◆ **What to work on**: Every entry, start to finish, should be printed verbatim without pictures.
'''
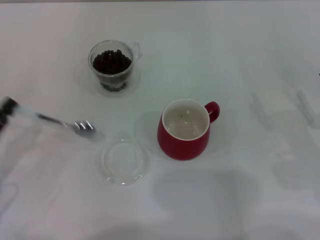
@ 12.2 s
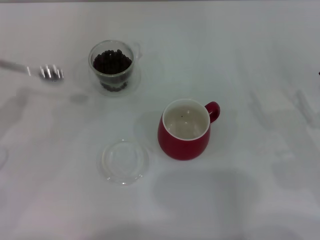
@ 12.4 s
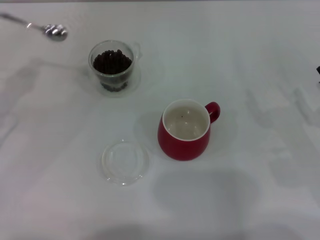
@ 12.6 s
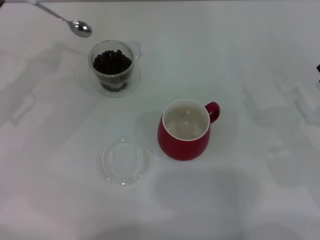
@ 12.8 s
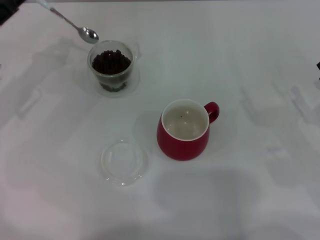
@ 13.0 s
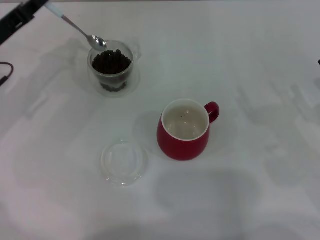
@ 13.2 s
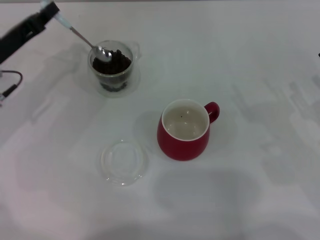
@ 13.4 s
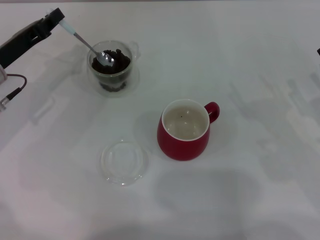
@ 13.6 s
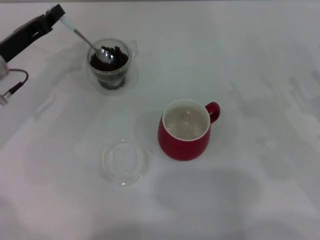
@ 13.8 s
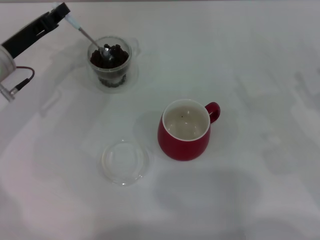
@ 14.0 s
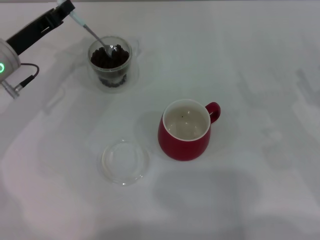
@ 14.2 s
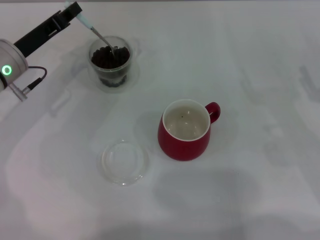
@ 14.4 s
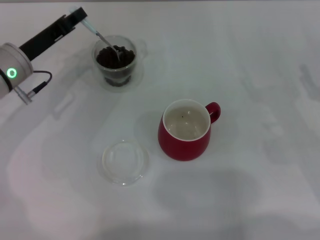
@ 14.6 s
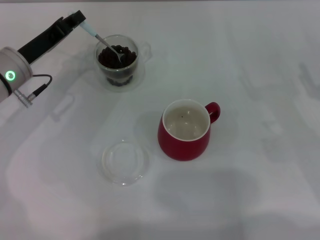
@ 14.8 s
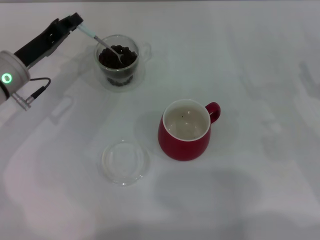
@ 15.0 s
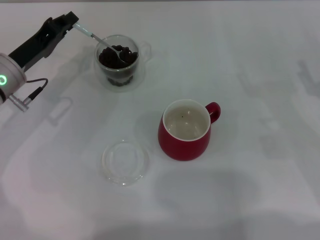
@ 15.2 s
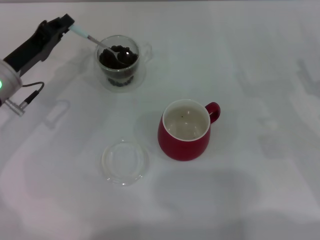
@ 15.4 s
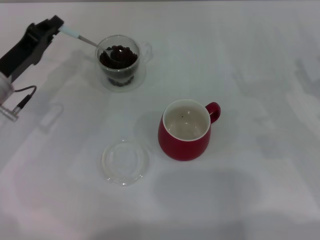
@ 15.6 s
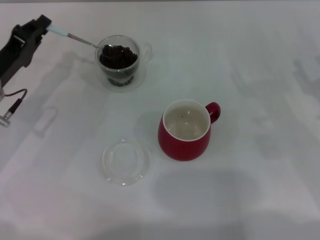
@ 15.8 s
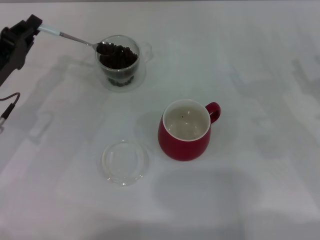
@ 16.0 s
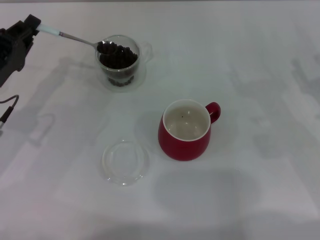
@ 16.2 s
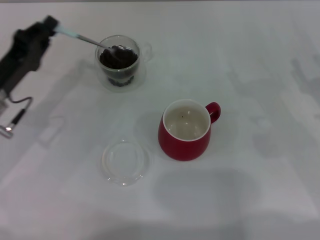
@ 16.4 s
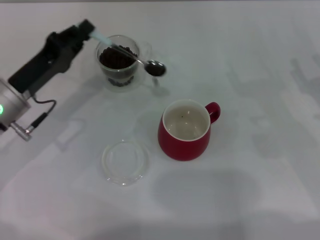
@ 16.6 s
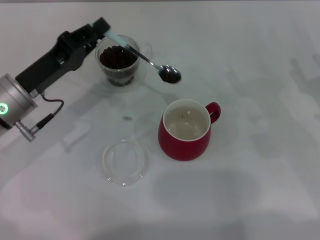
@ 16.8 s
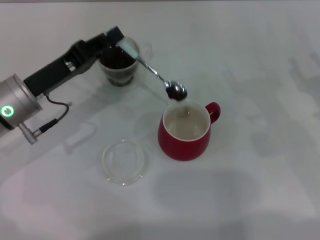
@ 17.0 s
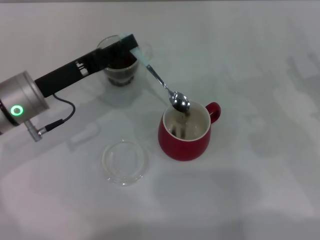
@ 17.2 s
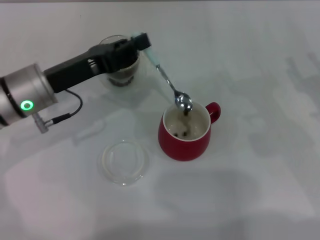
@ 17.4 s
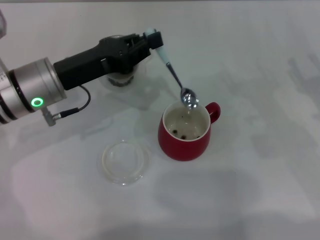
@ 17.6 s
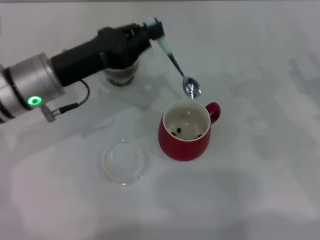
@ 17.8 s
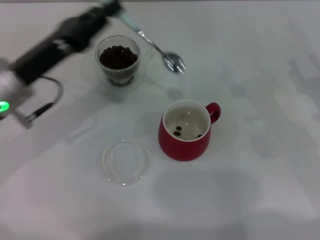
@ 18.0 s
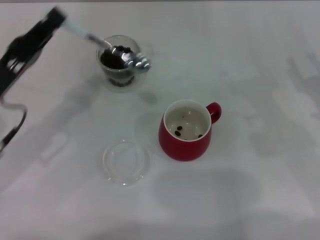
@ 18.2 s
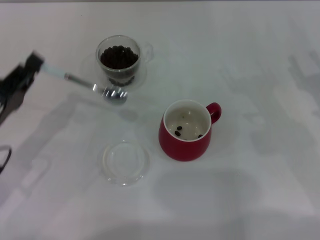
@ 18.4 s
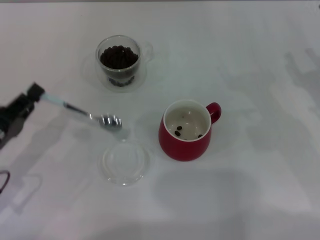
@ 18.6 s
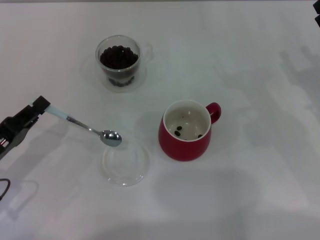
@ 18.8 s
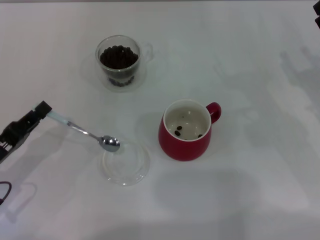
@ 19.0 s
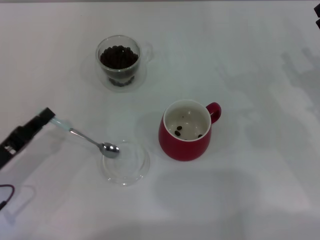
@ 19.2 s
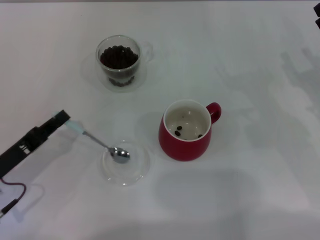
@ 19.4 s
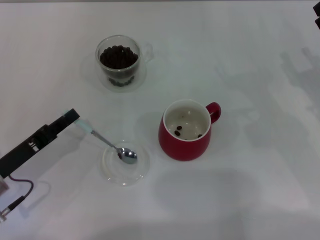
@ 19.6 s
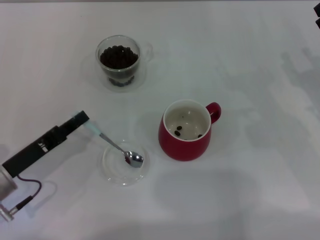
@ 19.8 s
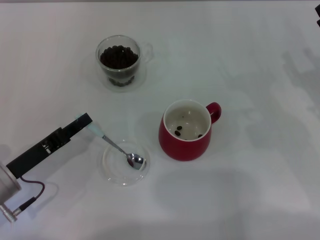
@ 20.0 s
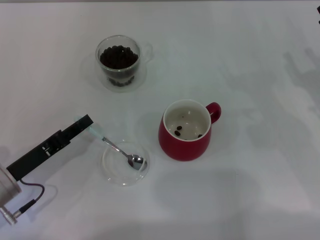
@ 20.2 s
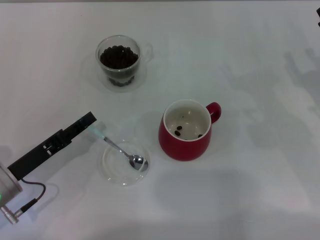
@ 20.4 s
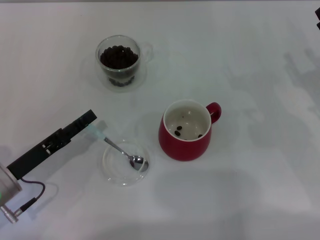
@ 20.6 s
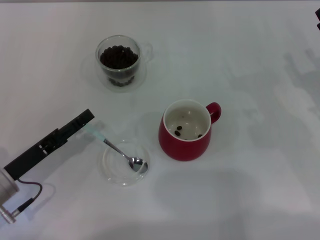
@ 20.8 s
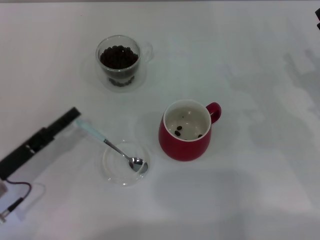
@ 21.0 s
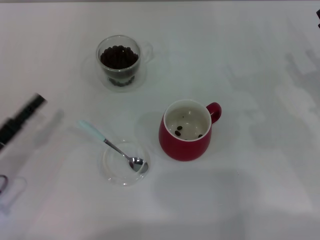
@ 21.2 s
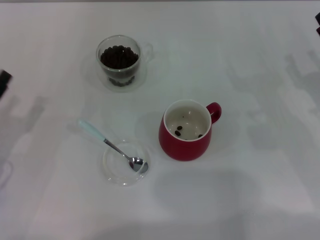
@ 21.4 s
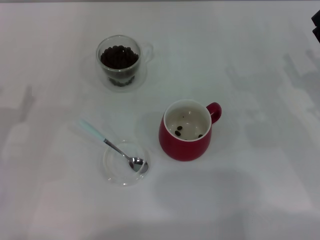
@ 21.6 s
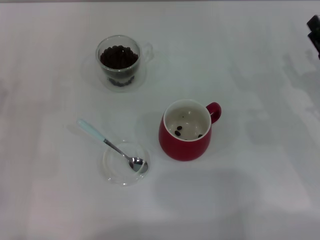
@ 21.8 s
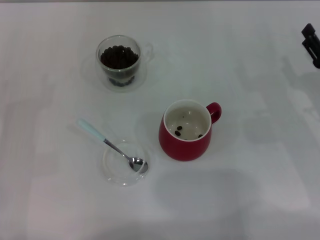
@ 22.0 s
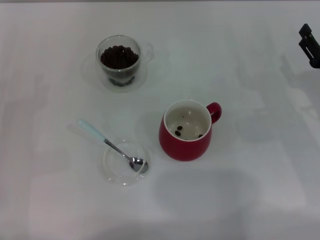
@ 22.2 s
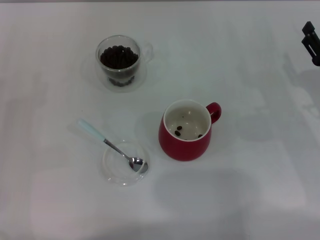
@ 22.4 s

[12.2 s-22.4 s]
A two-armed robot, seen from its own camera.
Task of the whole recording: Use a blue spoon to take out the coffee beans from the glass and pour them into the red cup.
Step, 12.2 to 17.6 s: Scoop a spoonful of beans into the cup with the right gripper.
12.2 to 13.6 s: The left gripper is displaced forward by about 15 cm.
13.6 to 15.2 s: The grippers move only a little.
15.2 to 16.6 s: The left gripper ends up about 5 cm from where it was.
18.0 to 19.4 s: The left gripper travels downward, backward and to the left by approximately 15 cm.
19.4 to 21.0 s: The left gripper opens its fingers.
21.0 to 22.4 s: The left gripper heads to the left, covering roughly 5 cm.
'''
◆ **Output for this exercise**:
@ 12.2 s
@ 12.4 s
@ 12.6 s
@ 12.8 s
@ 13.0 s
@ 13.2 s
@ 13.4 s
@ 13.6 s
@ 13.8 s
@ 14.0 s
@ 14.2 s
@ 14.4 s
@ 14.6 s
@ 14.8 s
@ 15.0 s
@ 15.2 s
@ 15.4 s
@ 15.6 s
@ 15.8 s
@ 16.0 s
@ 16.2 s
@ 16.4 s
@ 16.6 s
@ 16.8 s
@ 17.0 s
@ 17.2 s
@ 17.4 s
@ 17.6 s
@ 17.8 s
@ 18.0 s
@ 18.2 s
@ 18.4 s
@ 18.6 s
@ 18.8 s
@ 19.0 s
@ 19.2 s
@ 19.4 s
@ 19.6 s
@ 19.8 s
@ 20.0 s
@ 20.2 s
@ 20.4 s
@ 20.6 s
@ 20.8 s
@ 21.0 s
@ 21.2 s
@ 21.4 s
@ 21.6 s
@ 21.8 s
@ 22.0 s
@ 22.2 s
@ 22.4 s

[12.2 s-22.4 s]
A two-armed robot, seen from its own camera.
Task of the whole recording: Use a blue spoon to take out the coffee beans from the glass and pour them into the red cup.
Step, 12.2 to 17.6 s: Scoop a spoonful of beans into the cup with the right gripper.
12.2 to 13.6 s: The left gripper is displaced forward by about 15 cm.
13.6 to 15.2 s: The grippers move only a little.
15.2 to 16.6 s: The left gripper ends up about 5 cm from where it was.
18.0 to 19.4 s: The left gripper travels downward, backward and to the left by approximately 15 cm.
19.4 to 21.0 s: The left gripper opens its fingers.
21.0 to 22.4 s: The left gripper heads to the left, covering roughly 5 cm.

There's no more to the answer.